We have systematically screened the genome for evidence of linkage disequilibrium (LD) with multiple sclerosis (MS) by typing 6000 microsatellite markers in case-control and family based (AFBAC) cohorts from the Italian population. DNA pooling was used to reduce the genotyping effort involved. Four DNA pools were considered: cases (224 Italian MS patients), controls (231 healthy Italians), index (185 index cases from trio families) and parents (the 370 parents of the patient included in the Index pool), respectively. After refining analysis of the most promising 14 markers to emerge from this screening process, only marker D2S367 retained evidence for association.

A genome-wide screen for linkage disequilibrium in Sardinian multiple sclerosis

Using indirect whole genome association screening, we have searched for multiple sclerosis susceptibility genes in the genetically isolated high risk Sardinian population. Two screens were performed; the first was based on 229 cases and 264 unrelated controls, and the second on 235 trio families. Each screen employed a dense set of microsatellite markers and DNA pooling. Data from both screens were available from 2764 markers. Nine markers showed nominally significant results in both screens independently. Five of these markers-D2S408 (2q36), D6S271 (6p21), D6S344 (6p25), D7S1818 (7p12) and D16S420 (16p12)-remained nominally significant in both studies after conservative refining analysis.

A GENOME-WIDE GERMAN SCREEN FOR LINKAGE DISEQUILIBRIUM IN MULTIPLE SCLEROSIS

We report on a genome-wide screen for association with multiple sclerosis (MS) in the German population performed using 6000 microsatellite markers. These markers were typed in four DNA pools consisting of 234 MS patients (cases), 209 unrelated controls, 68 index patients from trio families and their 136 parents (related controls). Stringent analysis identified 11 markers showing apparent evidence for association. Five from regions previously identified in linkage studies and two from the MHC region on chromosome 6p21. These MHC markers are known to be in linkage disequilibrium with HLA class II alleles influencing susceptibility to MS. The identification of these markers serves as an important positive control.

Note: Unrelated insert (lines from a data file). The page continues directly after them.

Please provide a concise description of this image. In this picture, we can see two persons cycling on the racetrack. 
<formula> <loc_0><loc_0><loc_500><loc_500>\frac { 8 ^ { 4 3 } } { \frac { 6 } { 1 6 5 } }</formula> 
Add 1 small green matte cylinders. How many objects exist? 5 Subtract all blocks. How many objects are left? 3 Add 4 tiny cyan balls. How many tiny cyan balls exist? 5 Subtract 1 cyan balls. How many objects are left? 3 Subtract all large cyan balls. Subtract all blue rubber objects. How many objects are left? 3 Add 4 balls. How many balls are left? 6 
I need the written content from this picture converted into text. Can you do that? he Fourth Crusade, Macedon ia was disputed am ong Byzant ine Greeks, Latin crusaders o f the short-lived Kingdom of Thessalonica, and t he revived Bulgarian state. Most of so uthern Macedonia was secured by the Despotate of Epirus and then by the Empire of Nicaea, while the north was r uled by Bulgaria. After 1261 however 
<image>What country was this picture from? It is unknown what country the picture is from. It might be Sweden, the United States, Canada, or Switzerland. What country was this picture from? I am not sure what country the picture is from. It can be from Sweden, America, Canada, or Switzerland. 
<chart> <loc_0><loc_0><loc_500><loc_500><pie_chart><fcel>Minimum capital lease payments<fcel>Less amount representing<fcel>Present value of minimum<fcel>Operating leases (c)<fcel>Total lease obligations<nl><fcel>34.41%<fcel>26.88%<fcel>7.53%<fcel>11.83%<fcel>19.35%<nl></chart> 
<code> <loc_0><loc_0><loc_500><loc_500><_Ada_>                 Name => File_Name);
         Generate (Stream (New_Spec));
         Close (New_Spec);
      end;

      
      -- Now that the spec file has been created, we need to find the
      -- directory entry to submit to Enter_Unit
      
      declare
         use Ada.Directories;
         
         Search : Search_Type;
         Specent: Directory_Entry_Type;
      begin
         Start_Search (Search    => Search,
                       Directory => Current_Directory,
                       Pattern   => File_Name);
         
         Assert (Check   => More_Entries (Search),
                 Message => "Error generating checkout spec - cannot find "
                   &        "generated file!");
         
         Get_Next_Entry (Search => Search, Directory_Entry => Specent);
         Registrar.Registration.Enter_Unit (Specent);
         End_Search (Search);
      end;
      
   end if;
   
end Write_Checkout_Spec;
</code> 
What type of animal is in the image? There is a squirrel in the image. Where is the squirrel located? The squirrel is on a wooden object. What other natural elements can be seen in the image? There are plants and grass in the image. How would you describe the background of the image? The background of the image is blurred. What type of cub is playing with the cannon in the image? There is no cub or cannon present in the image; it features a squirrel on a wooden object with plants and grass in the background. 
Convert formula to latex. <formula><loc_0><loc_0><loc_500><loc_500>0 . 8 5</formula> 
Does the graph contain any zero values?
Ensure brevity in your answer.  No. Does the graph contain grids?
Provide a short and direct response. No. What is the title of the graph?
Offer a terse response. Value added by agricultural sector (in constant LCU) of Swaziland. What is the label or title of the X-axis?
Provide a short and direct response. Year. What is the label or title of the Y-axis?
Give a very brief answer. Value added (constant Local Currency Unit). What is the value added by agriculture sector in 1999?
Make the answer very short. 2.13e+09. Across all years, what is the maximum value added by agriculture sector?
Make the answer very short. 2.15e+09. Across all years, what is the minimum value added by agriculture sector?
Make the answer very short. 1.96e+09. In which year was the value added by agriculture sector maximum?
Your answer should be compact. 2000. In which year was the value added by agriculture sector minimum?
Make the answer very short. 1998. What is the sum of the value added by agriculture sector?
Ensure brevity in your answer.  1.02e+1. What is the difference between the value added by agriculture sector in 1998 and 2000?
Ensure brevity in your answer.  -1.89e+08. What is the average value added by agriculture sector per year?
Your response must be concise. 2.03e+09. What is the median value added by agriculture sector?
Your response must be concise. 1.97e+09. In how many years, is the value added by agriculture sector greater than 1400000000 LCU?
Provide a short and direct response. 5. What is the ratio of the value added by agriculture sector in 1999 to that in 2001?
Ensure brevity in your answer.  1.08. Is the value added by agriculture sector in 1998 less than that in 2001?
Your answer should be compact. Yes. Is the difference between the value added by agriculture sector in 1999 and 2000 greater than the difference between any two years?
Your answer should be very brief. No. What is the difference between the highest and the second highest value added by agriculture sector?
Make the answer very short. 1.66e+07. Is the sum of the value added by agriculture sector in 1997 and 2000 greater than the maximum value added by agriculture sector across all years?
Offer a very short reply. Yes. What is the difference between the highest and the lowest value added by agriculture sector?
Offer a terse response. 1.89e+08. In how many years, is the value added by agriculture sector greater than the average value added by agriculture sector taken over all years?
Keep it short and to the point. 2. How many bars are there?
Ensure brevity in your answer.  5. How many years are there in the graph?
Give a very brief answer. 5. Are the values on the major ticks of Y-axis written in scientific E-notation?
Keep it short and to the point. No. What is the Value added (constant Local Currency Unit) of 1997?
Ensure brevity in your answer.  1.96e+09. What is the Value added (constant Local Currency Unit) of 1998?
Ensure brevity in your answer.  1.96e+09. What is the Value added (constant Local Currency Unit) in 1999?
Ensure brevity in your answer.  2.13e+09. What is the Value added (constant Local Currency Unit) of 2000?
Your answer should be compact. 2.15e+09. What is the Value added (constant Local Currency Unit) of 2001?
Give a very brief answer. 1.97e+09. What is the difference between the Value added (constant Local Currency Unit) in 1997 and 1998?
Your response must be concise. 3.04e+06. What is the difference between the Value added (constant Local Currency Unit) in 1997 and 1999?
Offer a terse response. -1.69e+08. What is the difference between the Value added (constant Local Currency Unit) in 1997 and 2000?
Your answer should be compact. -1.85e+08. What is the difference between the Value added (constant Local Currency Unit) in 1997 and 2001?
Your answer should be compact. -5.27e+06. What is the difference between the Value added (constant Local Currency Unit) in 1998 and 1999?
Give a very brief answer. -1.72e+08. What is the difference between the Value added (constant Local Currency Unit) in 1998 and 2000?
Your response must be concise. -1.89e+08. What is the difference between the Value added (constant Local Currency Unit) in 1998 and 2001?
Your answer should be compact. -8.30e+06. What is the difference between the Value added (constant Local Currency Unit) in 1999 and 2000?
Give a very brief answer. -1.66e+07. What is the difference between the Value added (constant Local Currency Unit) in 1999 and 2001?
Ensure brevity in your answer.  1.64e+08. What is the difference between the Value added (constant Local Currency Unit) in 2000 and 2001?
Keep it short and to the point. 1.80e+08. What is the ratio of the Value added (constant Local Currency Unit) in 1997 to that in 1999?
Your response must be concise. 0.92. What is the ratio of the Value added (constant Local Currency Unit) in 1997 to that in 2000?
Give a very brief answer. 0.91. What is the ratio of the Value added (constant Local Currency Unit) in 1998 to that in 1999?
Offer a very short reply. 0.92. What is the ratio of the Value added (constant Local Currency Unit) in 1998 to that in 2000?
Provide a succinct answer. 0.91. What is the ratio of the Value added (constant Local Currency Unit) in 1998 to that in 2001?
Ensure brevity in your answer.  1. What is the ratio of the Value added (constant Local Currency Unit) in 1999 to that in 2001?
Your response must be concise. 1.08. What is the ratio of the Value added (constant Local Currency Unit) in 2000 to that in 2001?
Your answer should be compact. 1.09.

A genome-wide screen for association in Hungarian multiple sclerosis

Although the pathogenesis of multiple sclerosis (MS) is not fully understood, substantial evidence points to the involvement of genetic factors. We report on a genome-wide screen for disease association in the Hungarian population using 5532 microsatellite markers. These markers were typed in DNA pools that consisted of 88 MS patients (cases), and 128 unrelated controls. Based on a stringent selection criterion, we obtained 33 markers suggesting association with the disease.